I was in the office earlier today, catching up on some housekeeping (I meant to move a piece of furniture I keep walking into and finally got around to it today) and to set the clocks ahead for Daylight Savings Time that actually begins tomorrow morning at 0200. I've never really understood DST and EST and all this 'spring ahead' and 'fall back' memnotic nonsense since when we're all done playing with the clock's innards, the time is what the time is.
Aside from the rabbit Alice saw in Through the Looking Glass, we're the only species on the planet who arbitrarily divides the day into smaller and smaller increments to the point that neither mind nor the eye can comprehend the difference between 0.001 seconds and 0.0001 seconds. Having been raised a Catholic, I'm used to believing in things I cannot see, but the advantages of 'more' or 'less' daylight have always eluded me. It's dark when I get up and drive to work and it's dark when I come home. I'm lucky in that my current office has a window. I've had jobs where I was not so lucky and would come home and ask my wife probing, intimate questions like 'what was it like outside today?'
Speaking of which, one of those jobs for many years was working in radio and television both on the air and as a producer, writer, editor, videographer, audio grip etc. No business like show business unless you're a landscaper and then it's no business like snow business I suppose.
In putting a paperclip back in the center drawer of my work desk this morning, I saw my old audio splicing block. I've had it all my life, or just about. I got it when I was twelve in a downtown music store in New Brunswick, NJ that disappeared I have no idea how many decades ago. Until just now I hadn't thought about it for many years and for a moment, I forgot its name but I have it now, "Varsity Music."
The music store, like PJ Arnold's, like the George Street Playhouse, like Macarones' Town House Restaurant, were businesses struggling to survive, huddled together, perhaps for warmth, near the railroad station (first, the Pennsylvania Railroad, then Penn-Central as two bankrupt operations, the Pennsylvania and the New York Central joined forces to, together, NOT make a profit even larger and faster than each had done individually, then Amtrak and then after a reorganization that took six inches off the front of the blanket and put it on the back but insisted it had made the blanket a foot longer, Conrail) had singles, 45 rpm one-song per side pieces of vinyl, posters, albums, musical instruments and supporting equipment, blank reels (but only the five inch kind on the plastic hubs, ugh!) of audio tape, and grease pencils (fancy folks called them 'china markers') and splicing blocks and splicing tape.
I smiled as I touched the neglected block sitting in the compartment where you could store pens and pencil (it's an old desk, for an old man in an old building) back when you used those, and paper, to do jobs instead of the keyboard, mouse and computer workstation now sharing space in the office. We each have favorite songs, or TV shows, foods and movies and have memories of events associated with specific moments in our lives and as I realized this morning, a lot of mine are tied to that splicing block and to a life and lifestyle that's not only in the past but would be historical if it were not already obsolete.
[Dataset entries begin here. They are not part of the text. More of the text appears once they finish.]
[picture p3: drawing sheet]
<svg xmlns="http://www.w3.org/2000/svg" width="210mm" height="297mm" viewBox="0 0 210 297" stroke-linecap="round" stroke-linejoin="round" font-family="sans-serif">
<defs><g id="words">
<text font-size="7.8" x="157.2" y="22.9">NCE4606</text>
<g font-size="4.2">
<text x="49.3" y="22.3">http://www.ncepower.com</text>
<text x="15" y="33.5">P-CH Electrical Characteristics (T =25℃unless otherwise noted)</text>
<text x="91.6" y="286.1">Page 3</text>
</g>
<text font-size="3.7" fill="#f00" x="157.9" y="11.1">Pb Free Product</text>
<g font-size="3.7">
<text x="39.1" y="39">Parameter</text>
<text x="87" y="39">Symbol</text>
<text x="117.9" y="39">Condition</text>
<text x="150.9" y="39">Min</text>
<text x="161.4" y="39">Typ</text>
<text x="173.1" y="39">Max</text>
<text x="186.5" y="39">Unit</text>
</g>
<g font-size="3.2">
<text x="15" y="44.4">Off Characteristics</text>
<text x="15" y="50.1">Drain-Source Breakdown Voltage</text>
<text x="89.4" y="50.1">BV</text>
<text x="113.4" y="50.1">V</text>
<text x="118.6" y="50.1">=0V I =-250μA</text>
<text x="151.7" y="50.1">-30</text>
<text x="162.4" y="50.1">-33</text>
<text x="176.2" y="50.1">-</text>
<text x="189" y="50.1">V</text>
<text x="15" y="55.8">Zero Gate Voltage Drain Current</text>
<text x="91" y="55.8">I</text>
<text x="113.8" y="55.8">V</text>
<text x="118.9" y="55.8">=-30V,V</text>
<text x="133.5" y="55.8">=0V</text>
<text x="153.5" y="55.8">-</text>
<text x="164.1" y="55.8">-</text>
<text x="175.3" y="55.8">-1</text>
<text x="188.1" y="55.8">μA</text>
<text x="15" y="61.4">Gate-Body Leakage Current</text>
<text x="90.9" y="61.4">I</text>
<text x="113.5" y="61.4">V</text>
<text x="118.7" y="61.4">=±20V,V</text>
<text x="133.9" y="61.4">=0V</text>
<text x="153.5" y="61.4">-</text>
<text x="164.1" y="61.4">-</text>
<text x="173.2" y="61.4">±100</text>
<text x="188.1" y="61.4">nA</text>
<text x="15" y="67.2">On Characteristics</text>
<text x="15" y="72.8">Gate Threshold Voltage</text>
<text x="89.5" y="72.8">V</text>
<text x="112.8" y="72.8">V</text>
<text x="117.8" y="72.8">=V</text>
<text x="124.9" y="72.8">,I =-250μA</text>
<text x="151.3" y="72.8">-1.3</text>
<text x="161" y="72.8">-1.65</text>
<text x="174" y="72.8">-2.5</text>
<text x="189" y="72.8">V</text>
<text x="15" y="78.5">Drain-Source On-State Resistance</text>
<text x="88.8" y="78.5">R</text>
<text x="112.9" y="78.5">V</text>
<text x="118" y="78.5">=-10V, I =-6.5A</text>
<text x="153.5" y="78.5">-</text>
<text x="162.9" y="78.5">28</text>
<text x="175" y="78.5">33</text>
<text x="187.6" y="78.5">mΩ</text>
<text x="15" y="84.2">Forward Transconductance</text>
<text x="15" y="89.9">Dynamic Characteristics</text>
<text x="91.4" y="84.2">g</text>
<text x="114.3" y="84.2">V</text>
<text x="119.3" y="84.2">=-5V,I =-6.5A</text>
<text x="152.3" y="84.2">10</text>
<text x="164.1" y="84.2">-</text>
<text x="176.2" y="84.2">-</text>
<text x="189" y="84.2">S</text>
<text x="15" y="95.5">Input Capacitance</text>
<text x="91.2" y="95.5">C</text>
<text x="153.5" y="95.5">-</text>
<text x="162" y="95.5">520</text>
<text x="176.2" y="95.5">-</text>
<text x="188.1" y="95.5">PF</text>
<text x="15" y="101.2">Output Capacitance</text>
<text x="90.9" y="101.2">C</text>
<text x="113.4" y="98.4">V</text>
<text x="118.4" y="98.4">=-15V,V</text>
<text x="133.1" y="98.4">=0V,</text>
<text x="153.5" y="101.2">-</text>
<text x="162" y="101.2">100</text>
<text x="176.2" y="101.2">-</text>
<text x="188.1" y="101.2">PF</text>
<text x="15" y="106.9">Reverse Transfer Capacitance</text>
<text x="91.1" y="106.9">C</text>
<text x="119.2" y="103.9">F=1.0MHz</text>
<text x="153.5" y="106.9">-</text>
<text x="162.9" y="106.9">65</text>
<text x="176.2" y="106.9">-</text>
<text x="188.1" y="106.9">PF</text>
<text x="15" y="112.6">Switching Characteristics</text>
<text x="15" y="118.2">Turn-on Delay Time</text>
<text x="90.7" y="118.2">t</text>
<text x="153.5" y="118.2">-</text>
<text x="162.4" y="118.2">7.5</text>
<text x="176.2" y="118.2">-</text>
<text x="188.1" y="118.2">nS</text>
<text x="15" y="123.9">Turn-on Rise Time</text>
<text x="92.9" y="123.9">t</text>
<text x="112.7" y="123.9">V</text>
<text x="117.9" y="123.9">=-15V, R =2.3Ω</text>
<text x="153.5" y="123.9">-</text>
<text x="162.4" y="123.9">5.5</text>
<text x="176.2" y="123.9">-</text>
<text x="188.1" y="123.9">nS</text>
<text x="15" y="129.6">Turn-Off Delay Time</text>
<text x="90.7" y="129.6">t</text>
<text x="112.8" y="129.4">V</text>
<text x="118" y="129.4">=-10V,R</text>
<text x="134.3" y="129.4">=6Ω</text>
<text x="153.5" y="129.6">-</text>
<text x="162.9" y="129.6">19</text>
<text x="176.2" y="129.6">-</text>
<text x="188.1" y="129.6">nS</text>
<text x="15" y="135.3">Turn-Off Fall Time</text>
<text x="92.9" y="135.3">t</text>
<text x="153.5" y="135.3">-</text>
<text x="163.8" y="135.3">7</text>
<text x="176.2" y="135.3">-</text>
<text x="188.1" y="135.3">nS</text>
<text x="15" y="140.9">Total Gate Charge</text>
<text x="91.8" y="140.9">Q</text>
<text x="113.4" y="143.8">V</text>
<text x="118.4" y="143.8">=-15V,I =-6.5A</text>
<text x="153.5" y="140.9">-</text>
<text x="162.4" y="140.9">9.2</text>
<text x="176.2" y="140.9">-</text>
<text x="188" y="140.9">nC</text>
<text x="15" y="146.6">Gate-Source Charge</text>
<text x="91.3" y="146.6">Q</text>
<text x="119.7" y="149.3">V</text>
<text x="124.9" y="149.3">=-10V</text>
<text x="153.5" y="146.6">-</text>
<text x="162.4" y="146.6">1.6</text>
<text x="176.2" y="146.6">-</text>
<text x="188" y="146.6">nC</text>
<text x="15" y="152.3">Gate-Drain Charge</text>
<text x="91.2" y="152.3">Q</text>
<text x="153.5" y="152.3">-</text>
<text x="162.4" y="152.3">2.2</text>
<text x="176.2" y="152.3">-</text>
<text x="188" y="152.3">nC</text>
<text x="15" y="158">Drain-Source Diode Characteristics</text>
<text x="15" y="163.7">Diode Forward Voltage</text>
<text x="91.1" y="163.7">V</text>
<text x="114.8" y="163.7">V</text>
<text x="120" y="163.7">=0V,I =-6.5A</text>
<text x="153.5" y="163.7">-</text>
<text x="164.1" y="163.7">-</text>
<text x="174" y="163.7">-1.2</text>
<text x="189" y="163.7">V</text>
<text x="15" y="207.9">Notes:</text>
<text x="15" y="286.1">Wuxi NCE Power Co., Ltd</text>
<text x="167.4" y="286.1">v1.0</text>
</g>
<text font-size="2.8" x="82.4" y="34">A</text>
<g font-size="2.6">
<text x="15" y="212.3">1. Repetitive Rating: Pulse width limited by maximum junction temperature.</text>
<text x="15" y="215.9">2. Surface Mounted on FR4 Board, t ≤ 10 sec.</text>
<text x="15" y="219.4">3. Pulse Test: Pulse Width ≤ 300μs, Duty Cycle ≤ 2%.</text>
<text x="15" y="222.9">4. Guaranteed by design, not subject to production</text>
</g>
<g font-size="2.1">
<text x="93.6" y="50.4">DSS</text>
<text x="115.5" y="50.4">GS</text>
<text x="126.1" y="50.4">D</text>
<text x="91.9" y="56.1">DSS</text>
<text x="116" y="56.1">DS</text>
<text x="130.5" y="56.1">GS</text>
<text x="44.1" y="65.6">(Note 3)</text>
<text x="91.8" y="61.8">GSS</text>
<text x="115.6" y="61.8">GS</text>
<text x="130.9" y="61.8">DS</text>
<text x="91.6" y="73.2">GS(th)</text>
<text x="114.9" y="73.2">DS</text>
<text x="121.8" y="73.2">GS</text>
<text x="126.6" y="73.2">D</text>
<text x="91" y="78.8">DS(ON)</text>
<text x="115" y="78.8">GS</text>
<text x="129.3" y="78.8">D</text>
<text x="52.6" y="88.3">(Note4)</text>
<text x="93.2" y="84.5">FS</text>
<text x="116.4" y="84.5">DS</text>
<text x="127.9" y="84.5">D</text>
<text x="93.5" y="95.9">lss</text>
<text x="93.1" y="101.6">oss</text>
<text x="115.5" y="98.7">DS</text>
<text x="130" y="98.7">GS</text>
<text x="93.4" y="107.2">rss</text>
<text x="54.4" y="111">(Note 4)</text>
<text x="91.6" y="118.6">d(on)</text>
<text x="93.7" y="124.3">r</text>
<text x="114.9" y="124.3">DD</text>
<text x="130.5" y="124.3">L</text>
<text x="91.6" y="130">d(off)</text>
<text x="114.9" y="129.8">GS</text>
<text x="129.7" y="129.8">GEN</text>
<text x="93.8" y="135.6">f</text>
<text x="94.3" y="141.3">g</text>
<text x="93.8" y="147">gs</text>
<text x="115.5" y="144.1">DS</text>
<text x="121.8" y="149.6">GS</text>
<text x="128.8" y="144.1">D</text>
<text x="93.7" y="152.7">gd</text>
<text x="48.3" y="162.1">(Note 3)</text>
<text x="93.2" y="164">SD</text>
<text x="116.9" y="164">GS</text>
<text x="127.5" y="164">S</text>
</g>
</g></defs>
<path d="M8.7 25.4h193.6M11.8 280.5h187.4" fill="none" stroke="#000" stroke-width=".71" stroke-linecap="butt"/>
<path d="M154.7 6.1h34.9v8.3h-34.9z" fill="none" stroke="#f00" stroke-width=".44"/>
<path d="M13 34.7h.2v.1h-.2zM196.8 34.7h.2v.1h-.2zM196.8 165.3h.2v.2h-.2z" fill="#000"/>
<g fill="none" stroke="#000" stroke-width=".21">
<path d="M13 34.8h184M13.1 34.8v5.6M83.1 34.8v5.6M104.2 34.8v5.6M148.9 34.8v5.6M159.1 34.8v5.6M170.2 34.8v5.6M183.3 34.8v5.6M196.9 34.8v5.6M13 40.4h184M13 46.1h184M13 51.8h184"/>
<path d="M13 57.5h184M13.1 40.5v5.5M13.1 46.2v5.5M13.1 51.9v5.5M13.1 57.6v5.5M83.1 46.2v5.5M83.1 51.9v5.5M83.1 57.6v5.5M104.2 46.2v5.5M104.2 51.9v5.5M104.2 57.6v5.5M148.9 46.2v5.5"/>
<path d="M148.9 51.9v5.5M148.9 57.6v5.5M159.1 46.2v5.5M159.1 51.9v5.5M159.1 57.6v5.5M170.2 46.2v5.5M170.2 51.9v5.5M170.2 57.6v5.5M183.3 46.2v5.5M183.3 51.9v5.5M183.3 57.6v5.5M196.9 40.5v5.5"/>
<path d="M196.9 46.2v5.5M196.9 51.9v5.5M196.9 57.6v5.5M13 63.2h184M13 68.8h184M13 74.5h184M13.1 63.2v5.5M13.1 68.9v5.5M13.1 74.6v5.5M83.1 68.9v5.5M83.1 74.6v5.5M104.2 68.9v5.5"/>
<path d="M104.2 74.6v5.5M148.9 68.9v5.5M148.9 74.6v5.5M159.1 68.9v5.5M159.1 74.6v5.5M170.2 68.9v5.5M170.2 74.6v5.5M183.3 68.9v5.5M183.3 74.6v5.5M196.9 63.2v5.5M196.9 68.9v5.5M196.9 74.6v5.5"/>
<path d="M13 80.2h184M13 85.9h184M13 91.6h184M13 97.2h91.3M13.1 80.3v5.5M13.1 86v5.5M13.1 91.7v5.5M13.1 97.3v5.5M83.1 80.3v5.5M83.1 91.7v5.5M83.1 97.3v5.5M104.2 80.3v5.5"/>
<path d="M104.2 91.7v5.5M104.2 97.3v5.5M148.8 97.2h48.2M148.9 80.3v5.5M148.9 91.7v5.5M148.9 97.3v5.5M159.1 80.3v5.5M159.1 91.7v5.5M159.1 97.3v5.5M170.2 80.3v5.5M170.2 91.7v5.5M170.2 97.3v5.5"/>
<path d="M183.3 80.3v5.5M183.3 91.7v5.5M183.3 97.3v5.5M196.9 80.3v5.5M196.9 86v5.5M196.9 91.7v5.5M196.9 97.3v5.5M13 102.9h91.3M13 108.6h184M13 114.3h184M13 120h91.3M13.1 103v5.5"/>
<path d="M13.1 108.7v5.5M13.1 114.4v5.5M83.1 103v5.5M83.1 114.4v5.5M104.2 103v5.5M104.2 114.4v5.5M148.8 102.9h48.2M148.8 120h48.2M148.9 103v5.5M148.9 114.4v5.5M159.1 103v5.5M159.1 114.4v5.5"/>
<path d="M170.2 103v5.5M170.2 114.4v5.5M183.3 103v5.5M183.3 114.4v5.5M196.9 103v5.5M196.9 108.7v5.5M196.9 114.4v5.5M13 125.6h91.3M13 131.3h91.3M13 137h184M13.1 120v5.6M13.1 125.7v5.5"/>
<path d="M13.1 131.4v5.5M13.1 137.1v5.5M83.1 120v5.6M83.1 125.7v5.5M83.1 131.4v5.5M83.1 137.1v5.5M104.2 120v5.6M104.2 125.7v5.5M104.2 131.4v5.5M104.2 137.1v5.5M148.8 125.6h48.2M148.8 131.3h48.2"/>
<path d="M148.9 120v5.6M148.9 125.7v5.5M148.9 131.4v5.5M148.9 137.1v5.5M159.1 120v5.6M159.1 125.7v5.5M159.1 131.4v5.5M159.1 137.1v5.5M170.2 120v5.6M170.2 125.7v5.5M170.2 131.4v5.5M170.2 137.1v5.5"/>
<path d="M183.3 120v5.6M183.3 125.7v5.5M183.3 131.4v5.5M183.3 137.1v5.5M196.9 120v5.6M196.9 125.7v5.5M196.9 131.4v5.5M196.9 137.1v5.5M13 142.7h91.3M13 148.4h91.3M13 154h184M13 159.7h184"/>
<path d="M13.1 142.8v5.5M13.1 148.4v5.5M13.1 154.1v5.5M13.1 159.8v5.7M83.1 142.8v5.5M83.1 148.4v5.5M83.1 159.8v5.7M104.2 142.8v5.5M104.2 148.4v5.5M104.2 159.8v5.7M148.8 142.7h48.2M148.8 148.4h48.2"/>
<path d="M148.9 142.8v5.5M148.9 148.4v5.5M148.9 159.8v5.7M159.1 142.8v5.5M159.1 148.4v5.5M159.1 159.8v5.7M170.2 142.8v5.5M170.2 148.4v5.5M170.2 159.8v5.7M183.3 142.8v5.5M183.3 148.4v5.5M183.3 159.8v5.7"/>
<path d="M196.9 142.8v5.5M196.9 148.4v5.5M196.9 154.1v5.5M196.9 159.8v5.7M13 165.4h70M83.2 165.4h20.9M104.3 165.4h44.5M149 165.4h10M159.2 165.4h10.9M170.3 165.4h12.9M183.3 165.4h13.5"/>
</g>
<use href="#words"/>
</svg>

I tried some time back on more than one occasion to explain to each of my now grown children what it was I did for a living when I met their mom. Children are always curious about this, I'm told, though I never remember asking my parents how they met (but I do recall my stunned surprise when I found out). Radio has changed so much, in corporate structure and in how it's actually created, that NONE of the skills I learned in the course of decades working in it have survived.
I can remember dubbing an interview to open reel that had been done with the late John Lennon. I was supposed to fly to New York to do an interview, based on the question areas I'd created for the European record company (who were amazed that 'you didn't ask any questions about the Beatles?', no I said: 'do they play on his record?') but then, on active duty in the USAF, I had a military requirement that prevented me from flying to New York to do the interview and the record label agreed to have a staffer ask all of my questions, and embargo the use of the answers for 48 hours after the interview so I could use them first. Great plan and real coup except Mark David Chapman murdered Lennon the following day making the interview a very valuable item indeed. And all I could hear as I transferred the entire conversation to open reel so as to better edit it was the sound of what could and should have been. Never to be.
Thoughts meander like a restless wind inside a letter box, they tumble blindly as they make their way across the universe.